Какой-то японский офицер открыл дверь купе, вошел и тяжело опустился на диван. Снял фуражку, просунул палец под воротник, чтобы стереть пот с шеи. Его брюки и сапоги были заляпаны кровью, как у мясника. Я спросил его, что случилось. Он подозрительно посмотрел на меня.
— Китайские обезьяны, бандиты проклятые! — сказал он, обнажив обломанные коричневые зубы. — Нам нужно было зачистить целую деревню. А эти дикари дерутся так, что… даже трехлетний ребенок способен убивать. Тут или они, или мы.
Ри была поражена:
— Зачистить?
Она была одета в китайское платье, и офицер с отвращением взглянул на нас:
— Какого черта здесь делает эта китайская сука?!
Хасэгава представился и вежливо объяснил, что это Ри Коран, звезда кино.
— А… — ответил офицер. — «Весенний дождь в Мукдене»? Но ведь я еще ни разу… — Он почесал затылок и кивнул в сторону Хасэгавы. — Вот это да! Кадзуо Хасэгава? Ри Коран? Ну и ну… А может, Хасэгава-сан рассказал бы что-нибудь солдатам, а Ри-сан спела бы для них песню? Это бы ребят подбодрило!
Дверь купе снова открылась, и санитар втолкнул к нам еще одного офицера. Тот был молод, красив, но, похоже, не мог произнести ни слова. Санитар показал пальцем на его голову:
— Не знает даже, кто он такой!
Санитар пытался заговорить с молодым человеком, спрашивал, как его зовут, откуда он. Но в ответ получал лишь один и тот же пустой взгляд.

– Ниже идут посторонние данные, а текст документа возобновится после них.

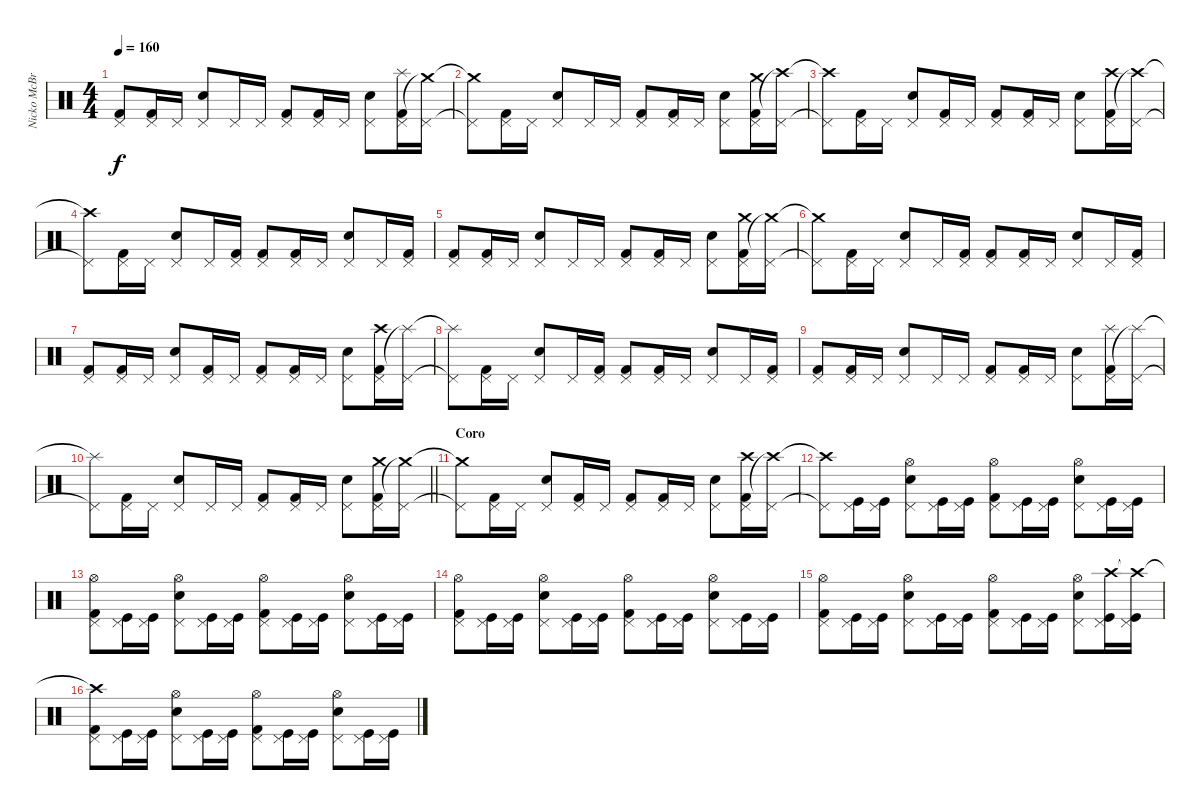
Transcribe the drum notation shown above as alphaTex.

— Твоя мать, должно быть, скучает по тебе, — сказал Хасэгава в надежде хоть на какую-нибудь реакцию.
И это, похоже, произвело свой эффект. Губы молодого офицера задергались.
— Ма-м-ма… — пробормотал он. — Ма-ма… Ма-ма… Мама…
Это все, что он мог сказать. Повторял это снова и снова. С широко распахнутыми, ничего не видящими глазами.
Уже стемнело, когда наш состав снова тронулся с места. А через несколько километров резко остановился. С поезда сошло несколько человек.